The Home for the Golden Gays offers itself as a community-based solution to these struggles. The residents, while they accept donations, are no beggars. They are happy to work, though their options are limited—some peddle cigarettes, others hairdress, and they all perform regularly as drag queens at a nearby restaurant.
“We enjoy it, we feel that we’re going back to our younger days,” says 62-year-old tenant Flor Bien Jr., who goes by Divine Amparo. “When you’re on stage, you forget the illnesses, the pains that you feel.”
But the residents remain keenly aware of mortality, noting the extra salve or pain relief pads needed after each show. Bien Jr. says she gets checked regularly for diseases like hypertension and diabetes, and she’s more cautious about wearing heels for fear of falling over, which she was better able to endure when she was younger. “You can never tell what’s going to happen to you,” she says.
One somber reminder sits on a shelf in the house den: a small marble urn containing the ashes of a former resident of the home, Federico Ramasamy, who once shared a cramped room with other Golden Gays before they found the house in Pasay. Ramasamy, known better as Lola Rica, died in 2020 from complications after a hit-and-run, Busa says. Since she died during the height of the pandemic, when bodies were ordered to be cremated, Ramasamy did not get a proper funeral. The remaining lolas plan to scatter Lola Rica’s ashes into the sea—while donning black gowns, they insist—when they have the money, they say less assuredly.
They know their own deaths inch closer every day, much closer for some of them, but Busa says they’re neither afraid nor melancholic.
“The show must go on,” she says. “It will come, but you don’t wait for it to come.”
Still, the Golden Gays’ drag performances are work as much as they are expressions of pride and joy. To keep their shelter and cover utilities, the lolas must raise at least 17,000 pesos (about $300) a month, which can be quite the demand.
Earlier this year, a younger Filipino drag queen who goes by the name Precious Paula Nicole made it a “passion project” to coordinate proceeds from the Golden Gays’ pageants into a fund to find the senescent community a more sustainable living situation. Precious met them at one of their gigs and says she teared up upon learning of their plight, reminded of her own grandparents and saddened by the fact that society leaves so many elderly individuals behind.

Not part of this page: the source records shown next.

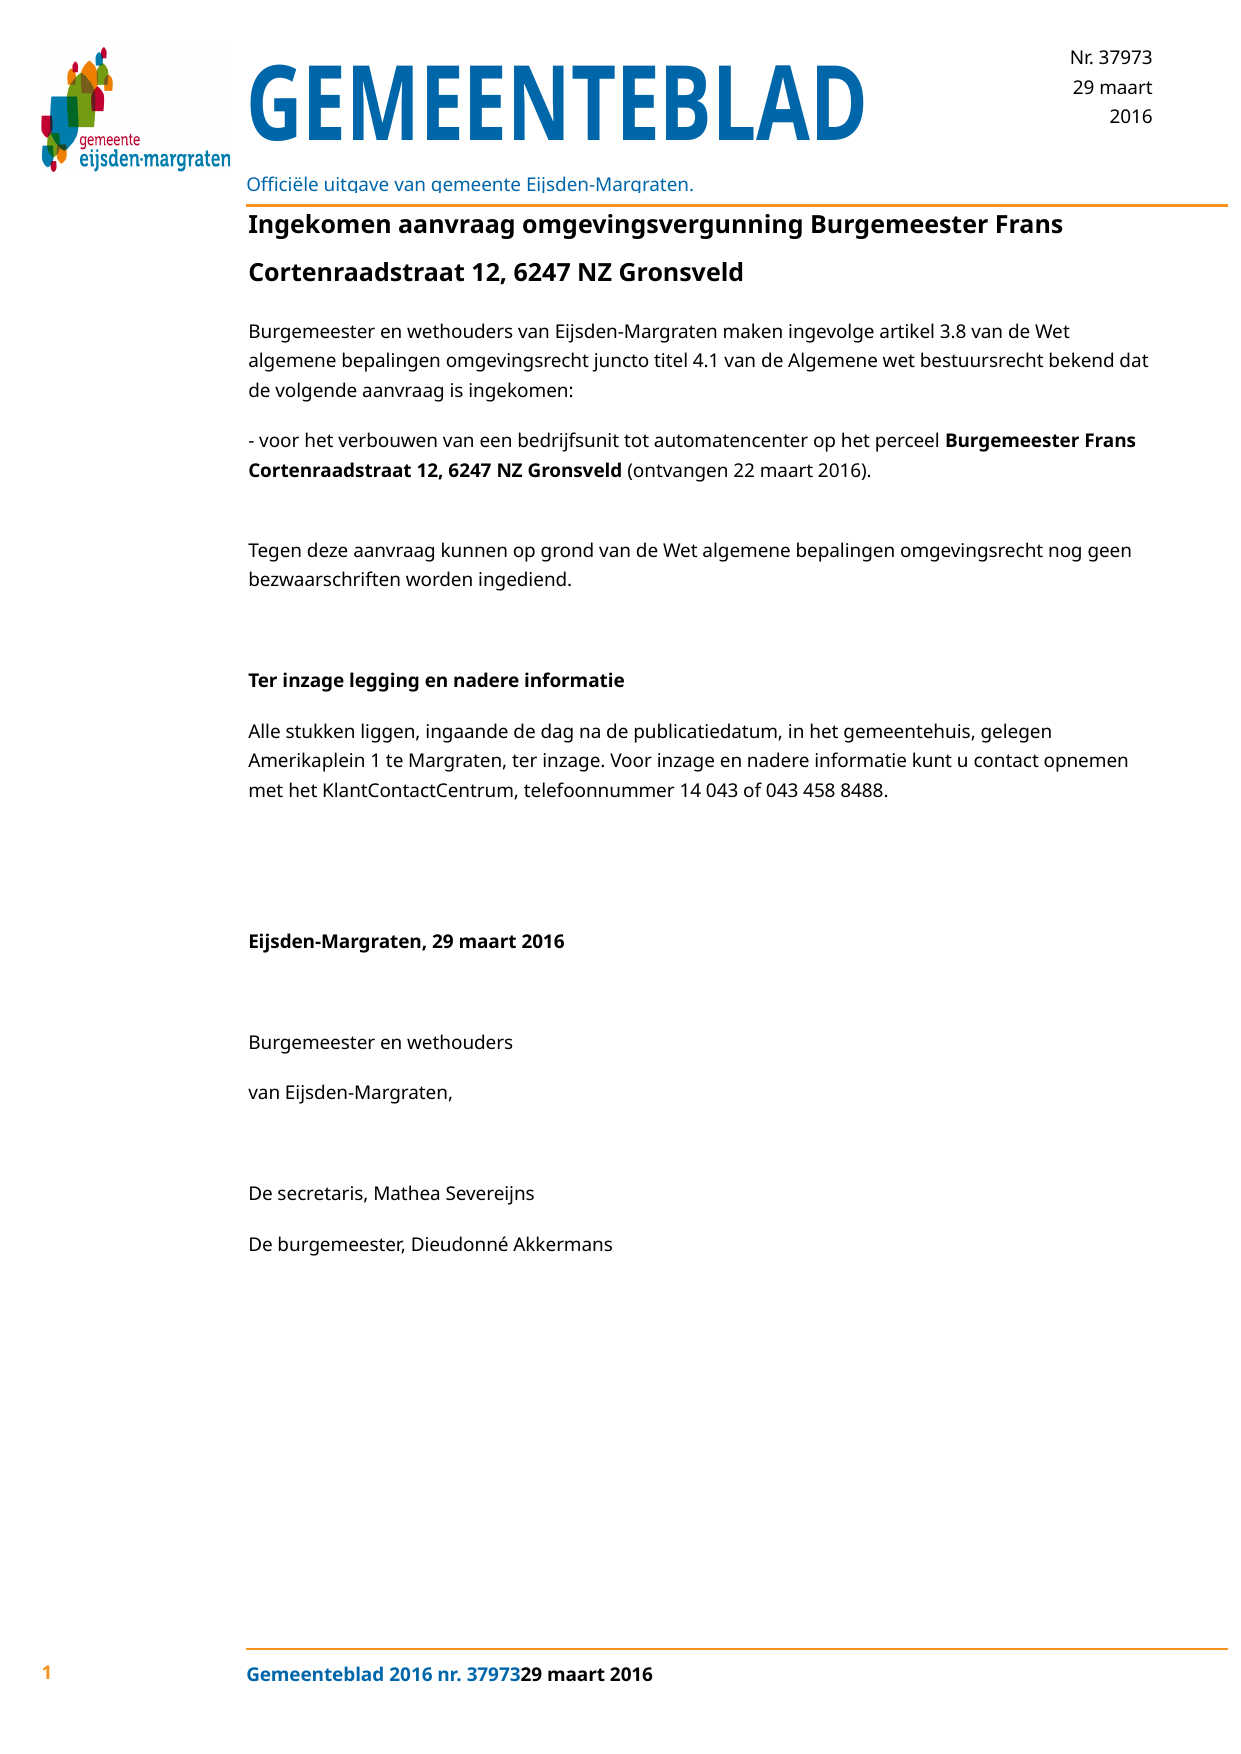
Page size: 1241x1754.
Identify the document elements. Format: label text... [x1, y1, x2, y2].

text Ingekomen aanvraag omgevingsvergunning Burgemeester Frans Cortenraadstraat 12, 6247 NZ Gronsveld [248, 207, 1152, 288]
text Ter inzage legging en nadere informatie [248, 667, 1152, 693]
text Tegen deze aanvraag kunnen op grond van de Wet algemene bepalingen omgevingsrecht nog geen bezwaarschriften worden ingediend. [248, 537, 1152, 592]
text Burgemeester en wethouders [248, 1029, 1152, 1055]
text Alle stukken liggen, ingaande de dag na de publicatiedatum, in het gemeentehuis, gelegen Amerikaplein 1 te Margraten, ter inzage. Voor inzage en nadere informatie kunt u contact opnemen met het KlantContactCentrum, telefoonnummer 14 043 of 043 458 8488. [248, 718, 1152, 803]
text De burgemeester, Dieudonné Akkermans [248, 1231, 1152, 1257]
text Eijsden-Margraten, 29 maart 2016 [248, 928, 1152, 954]
text Burgemeester en wethouders van Eijsden-Margraten maken ingevolge artikel 3.8 van de Wet algemene bepalingen omgevingsrecht juncto titel 4.1 van de Algemene wet bestuursrecht bekend dat de volgende aanvraag is ingekomen: [248, 318, 1152, 403]
text - voor het verbouwen van een bedrijfsunit tot automatencenter op het perceel Burgemeester Frans Cortenraadstraat 12, 6247 NZ Gronsveld (ontvangen 22 maart 2016). [248, 427, 1152, 483]
text van Eijsden-Margraten, [248, 1079, 1152, 1105]
text De secretaris, Mathea Severeijns [248, 1180, 1152, 1206]
picture [41, 47, 231, 172]

“They need a permanent home,” Precious tells TIME, “so that they don’t have to wait for Pride Month or Christmas, the only times when people would reach out to them and help.”
But it’s an uphill task: Precious admits that they’re nowhere near their savings goal and that recent donations have had to make up for missed monthly dues.
For now, the lolas need to keep working and depending on charity. In the meantime, Bien, who plans to stay with her fellow Golden Gays until she dies, says she likes to imagine what a proper care home would feel like, even if it doesn’t come in her lifetime.
“We don’t really need a big home—what’s most important is a place that accommodates all of us,” Bien tells TIME. “This is what acceptance and love is.”